When considering modifying existing or potential solar or wind projects to be included in the energy storage component, or vice versa, developers should revise their siting agreements to determine the impact the hybrid project will have on real estate conditions. Here are a few things to consider:

  1. Project real estate: With a smaller footprint, energy storage can be located anywhere, including dense urban areas where energy is in high demand and where there may be the greatest benefits from grid connectivity, while wind and solar projects should be located where the applicable resource is strong and there is a lot of land. However, we note that given its vast and fluid geography, Texas is the best location for hybrid projects.

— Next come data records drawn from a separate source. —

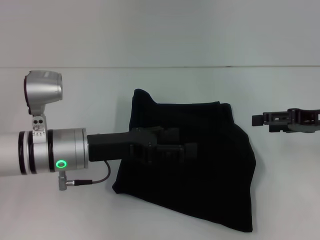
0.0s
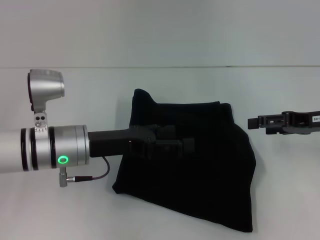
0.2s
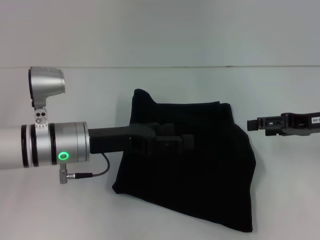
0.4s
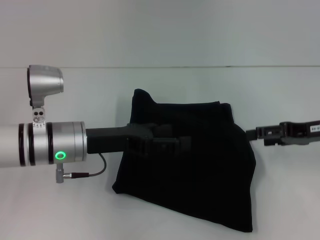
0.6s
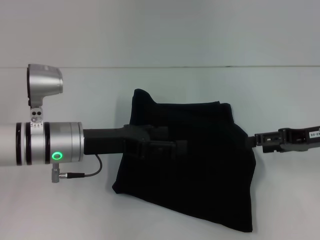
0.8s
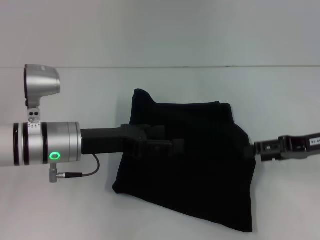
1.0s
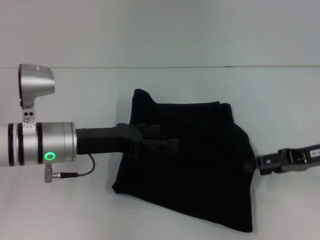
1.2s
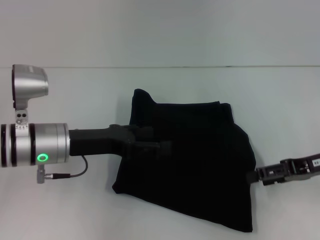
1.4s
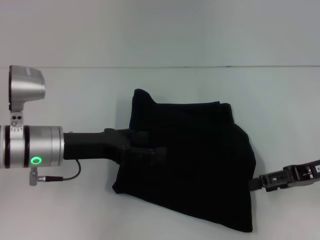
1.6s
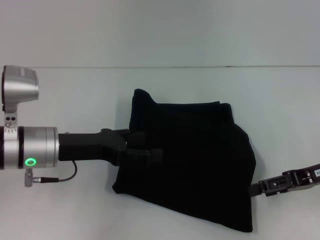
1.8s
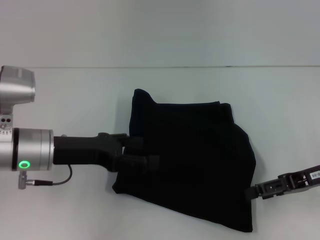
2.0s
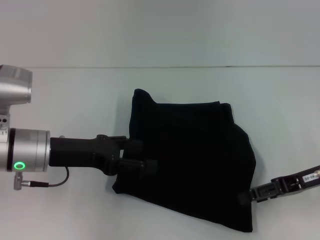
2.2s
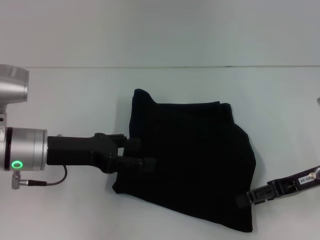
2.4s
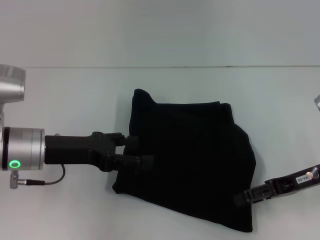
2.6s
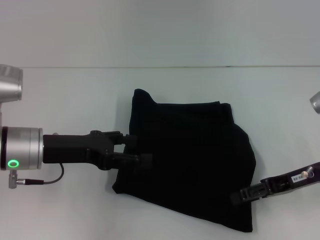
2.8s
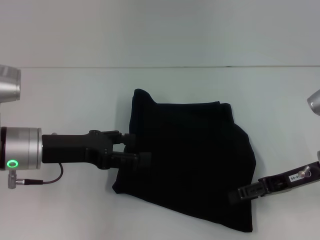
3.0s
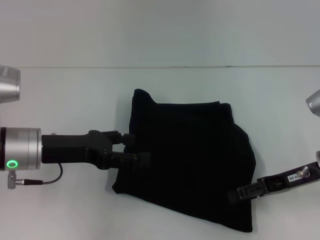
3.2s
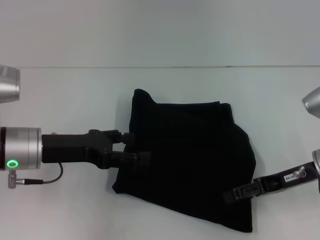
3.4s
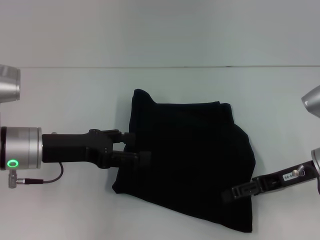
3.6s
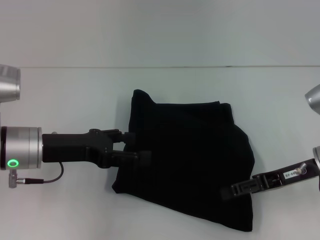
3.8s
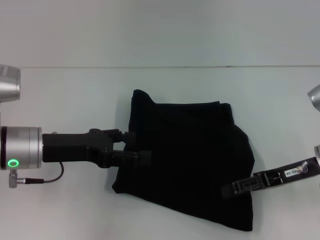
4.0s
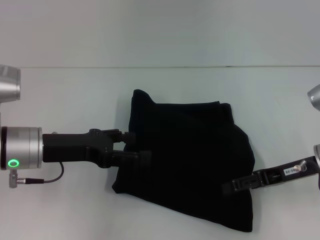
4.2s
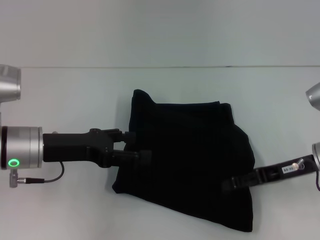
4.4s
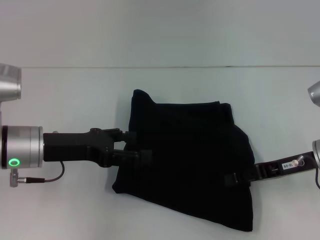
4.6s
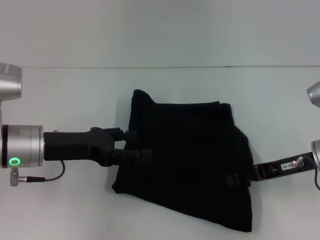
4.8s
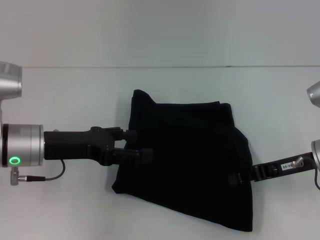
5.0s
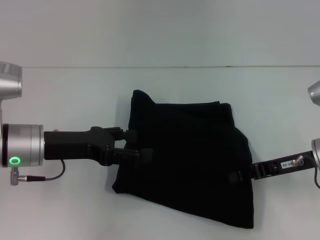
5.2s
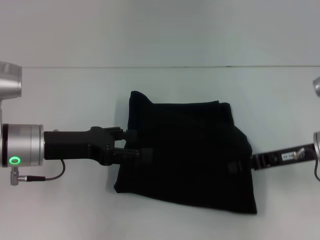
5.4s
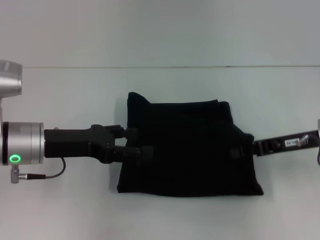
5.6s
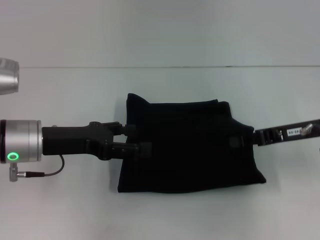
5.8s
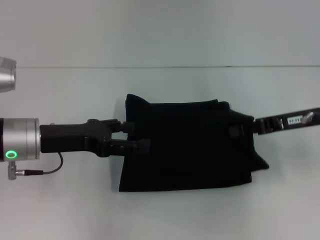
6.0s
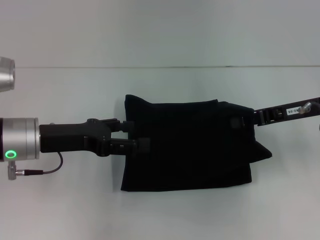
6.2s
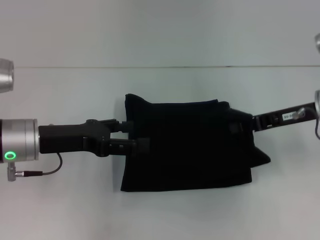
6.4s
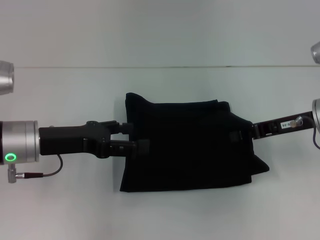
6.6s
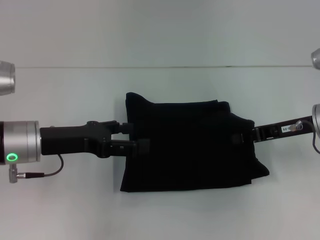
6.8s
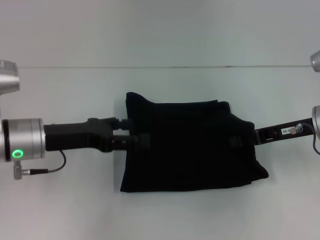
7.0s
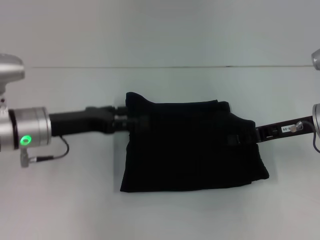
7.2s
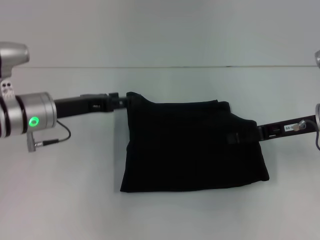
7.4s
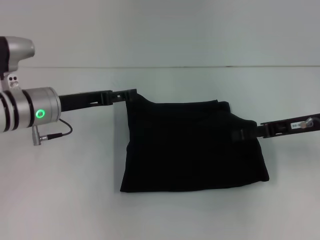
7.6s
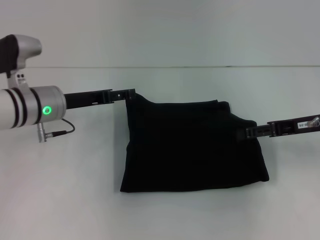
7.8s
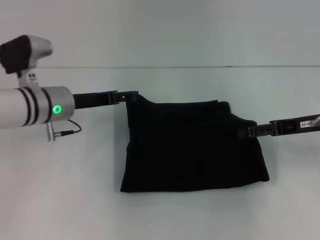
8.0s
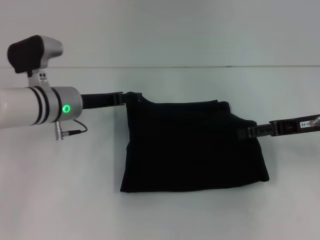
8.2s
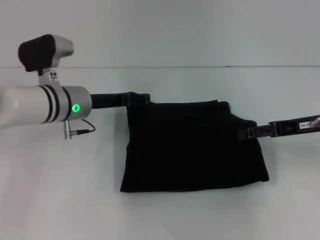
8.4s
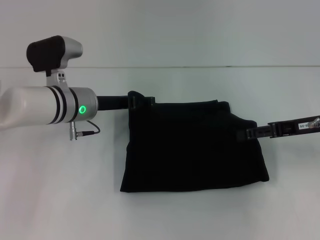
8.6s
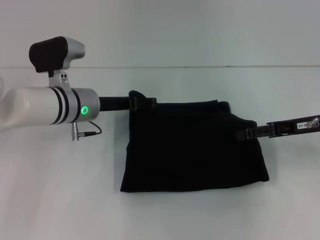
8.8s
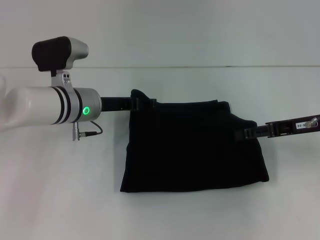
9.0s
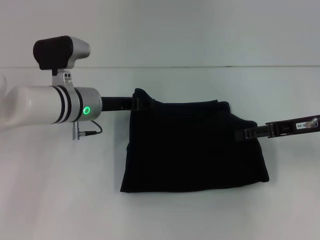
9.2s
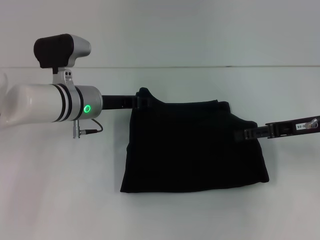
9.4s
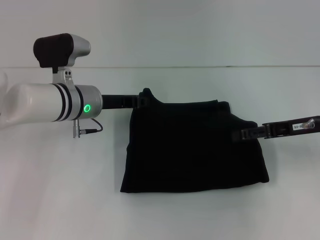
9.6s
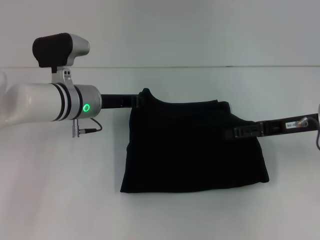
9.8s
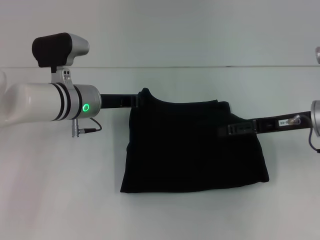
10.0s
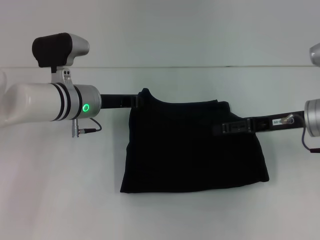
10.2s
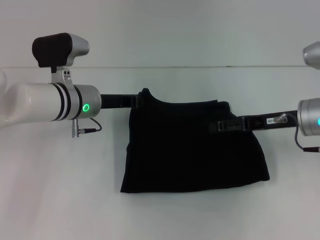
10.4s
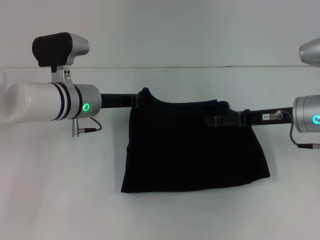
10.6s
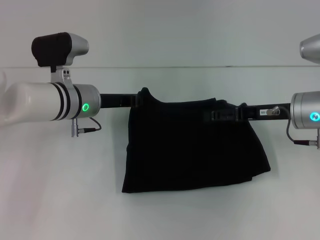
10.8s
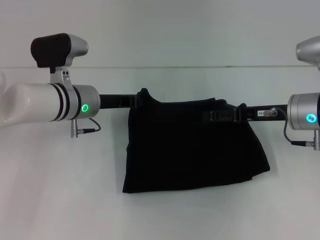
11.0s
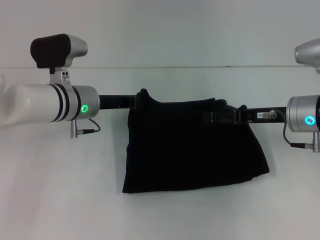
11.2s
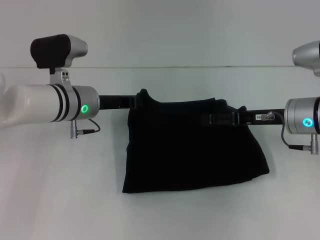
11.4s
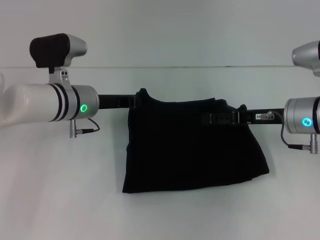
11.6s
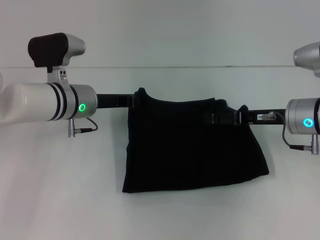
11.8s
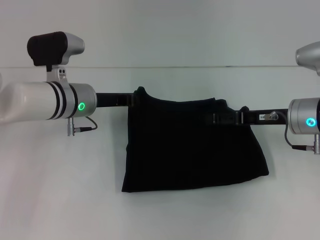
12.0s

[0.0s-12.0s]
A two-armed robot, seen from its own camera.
0.0s to 1.6s: The grippers stay close to where they were, moving slightly.
1.6s to 3.0s: The grippers move only a little.
3.0s to 4.4s: Both grippers stay about where they are.
4.4s to 6.0s: The right gripper moves upward, roughly 5 cm, and closes up.
6.0s to 7.6s: The right gripper opens up. Meanwhile the left gripper moves forward, roughly 5 cm.
7.6s to 9.0s: The left gripper heads to the right, covering about 5 cm, while the right gripper opens.
9.0s to 10.4s: The left gripper closes its fingers.
10.4s to 12.0s: The grippers move only a little.

  2. Type of acquired rights to real estate: The smaller footprint of energy storage affects not only the project area required to operate the project, but also the type of real estate interest that needs to be generated. If unbundling requirements are not initiated or are not an issue for other reasons, the land needed for off-grid energy storage projects can be purchased for a fee, while taking into account the hundreds if not thousands of acres required for solar or wind projects. project rights are most significant. often obtained as a result of leases or easements. We note that before concluding a sale and purchase agreement, it is necessary to consider the specific requirements for the territorial division of the district; however, pursuant to Texas Local Government Code Section 232.0015 (Fee Exceptions), the purchaser (in this case, the developer) is not required to obtain the subdivision platform if the paid purchase path (s) and other path (s) are more than ten (10) acres. It is worth noting, however, that a reward purchase requires an upfront investment and a developer can often get stuck unloading a property after the project expires or if the developer was unable to develop the project due to permission or connection issues.
  3. Removal from service: Texas has specific legal requirements for the decommissioning of solar and wind projects. Pursuant to the Texas Utilities Code, Title 6, Chapter 301, which affects all wind turbine leases entered into on or after September 1, 2019, the wind power developer is responsible for removing wind power structures from a landowner’s property at or before the expiration date. termination of an agreement. The Texas Legislature also recently passed Senate Act 760, which imposes similar requirements on solar energy developers and which takes effect September 1, 2021. Both Chapter 301 and the newly created Chapter 302, under Senate Act 760, include in their definitions “wind facility” and “solar power plant” – a plant or equipment (including a battery), “used to support the operation” of a wind generator or solar energy. In this way, the storage facilities “used to support” a wind or solar project will be subject to statutory requirements for the decommissioning of wind and solar energy. However, there are currently no similar requirements for stand-alone battery designs operating independently of wind or solar power plants.
  4. Auxiliary services: Most, if not all, renewable energy projects require access and / or easements for transmission, which are either included in the core agreement or are separate easements. However, solar and wind projects also require additional easements, some of which burden the adjacent property of the landowner if applicable, such as an easement for the free and unhindered illumination of solar energy across the entire horizontal space and the entire vertical. space above and across the property and any adjacent property owned by the landowner for solar projects or easements to capture, use and transform unobstructed wind resources above and across the property and any adjacent property owned by the landowner for wind projects. Wind projects also require overhang easements if a turbine blade intrudes on an adjacent landowner’s property.

While hybrid projects are on the rise, before embarking on such projects, developers should consider the real estate implications of their current agreements, as well as the necessary changes and considerations necessary to make them applicable to the selected hybrid resources.